Saturday, February 13, 2010


Separated at Birth?


Sean Payton and Frankie "Malcom in the Middle" Muniz?



Amidst the interminable dross, Torn Slatterns and Nugget Ranchers

The Opening Ceremonies at the Vancouver Winter Olympics went well besides no snow and they couldn't light the cauldron. Which is like saying your Toyota drives well except for the accelerator and the brakes.


Sarah Palin called for Rahl Emanuel's firing for saying retarded; and she is serious, Sarah even wrote it on her hand: "Phigher Rhl E. Man U L."

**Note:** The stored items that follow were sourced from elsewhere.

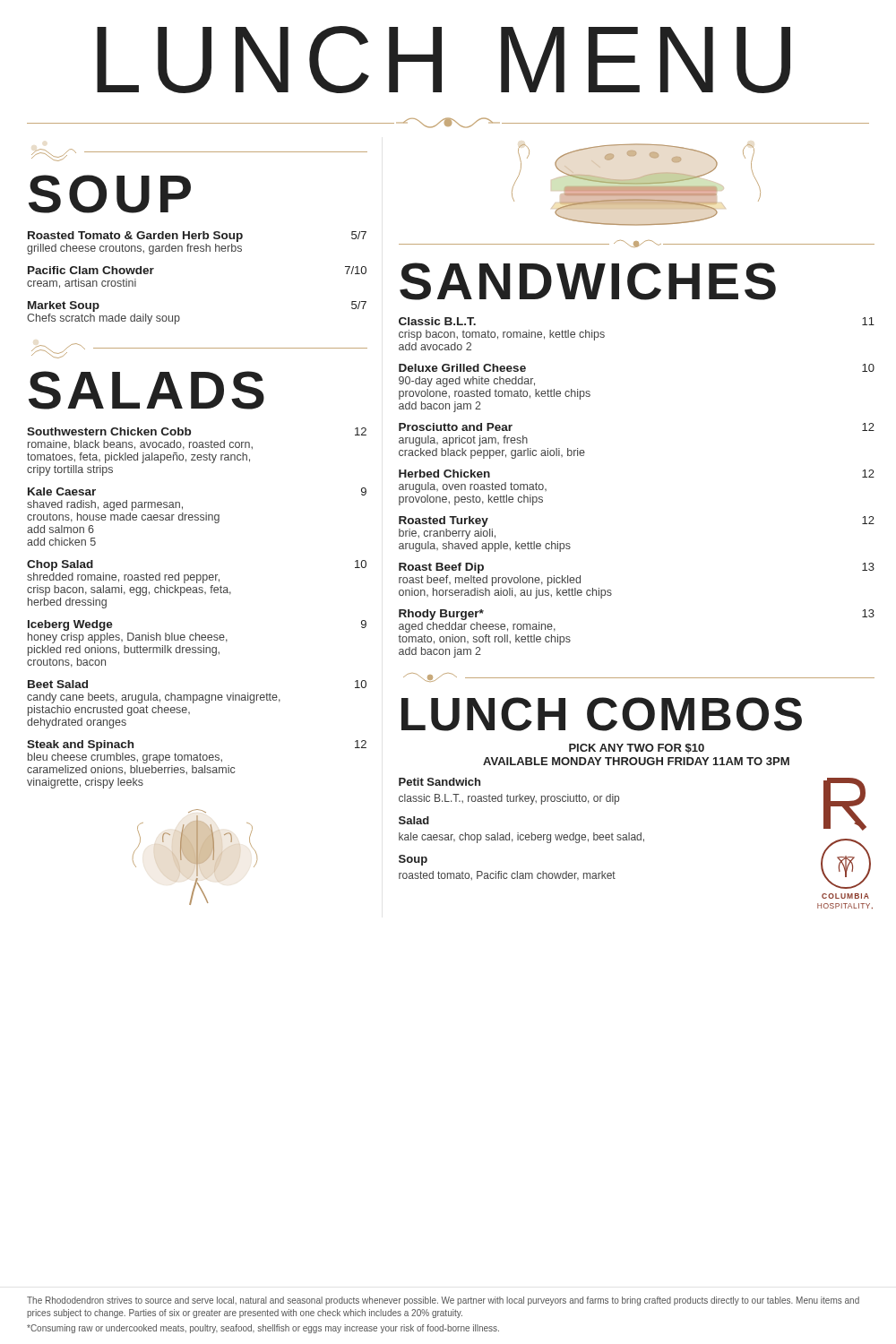Viewport: 896px width, 1344px height.
Task: Locate the list item containing "Deluxe Grilled Cheese 10 90-day"
Action: pyautogui.click(x=464, y=368)
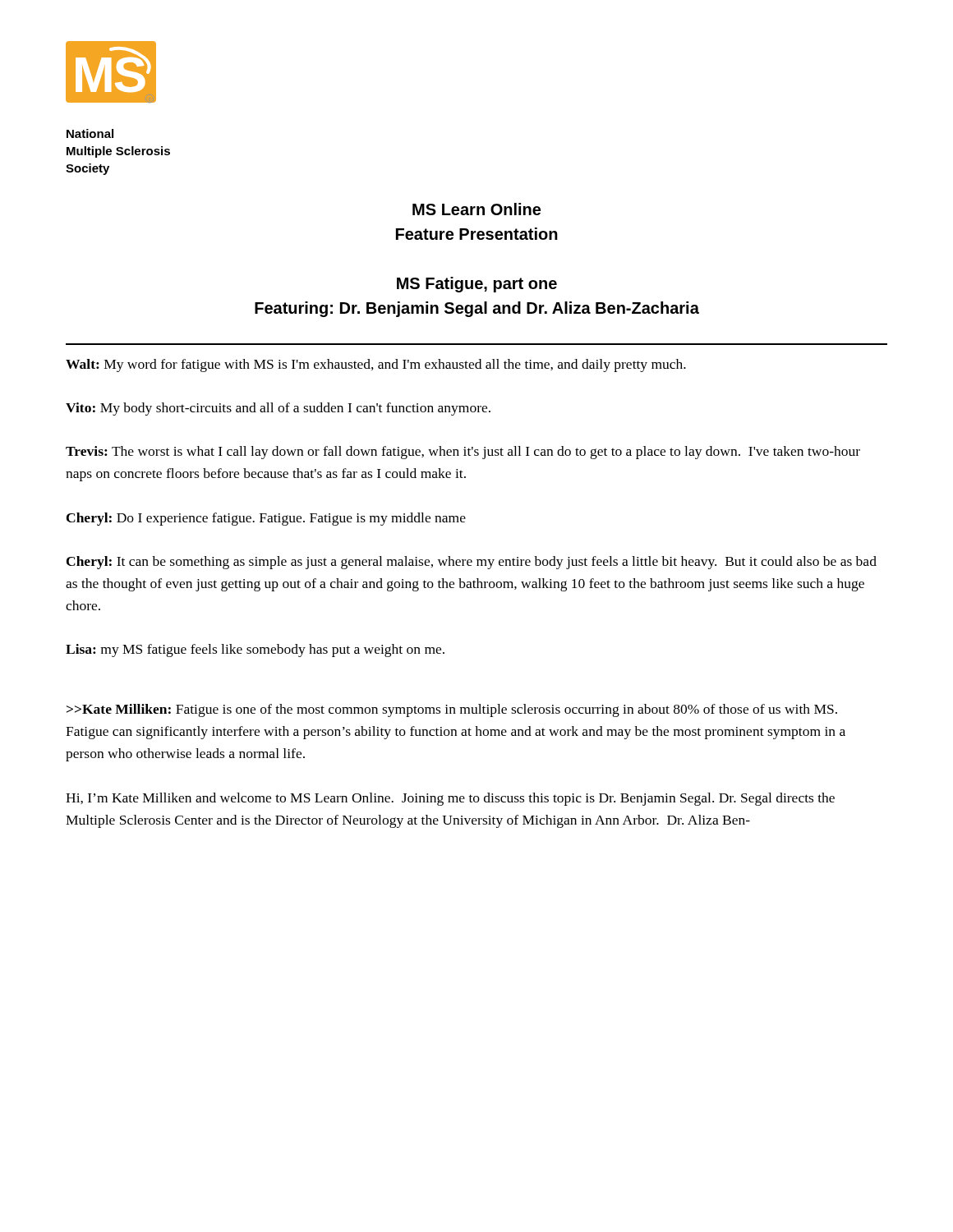Where is the passage that starts "Walt: My word for fatigue"?
The image size is (953, 1232).
[376, 364]

After two embarrassing interviews, John Mayer has stayed off Twitter. Of course now that we know he likes to masturbate his problems away, maybe his thumbs are busy doing something else.


Since you asked:

All of my favorite places have distinct smells in my mind. My home in Winnetka smelled like coffee, cinnamon and ivory soap and my stuffed dog Morgy, who smells like love.

Chicago smells like sleet on the sidewalk, grilled sausage, mustard and a hint of a distant cigar.

Santa Barbra smells like fog, eucalyptus and salt air with just a hint of the tar on the beach. Except for State Street which smells like Esau's Coffee Shop.

San Francisco smells like sourdough bread, boiled shrimp and burning cable car brakes.

New York smells like crisp Northeast fall air and cab exhaust with a slight hint of restaurant garbage.

San Diego smells like purple sage, sand and the ocean and the pines at Torrey Pines.

Our house in San Diego? Right now it smells like toast, A.C.'s shampoo and coffee. Tonight it will smell like sauteed onions, roasted garlic and grilled steaks. And wine. With the cheerful dulcet voice of Bob Costas on the big screen.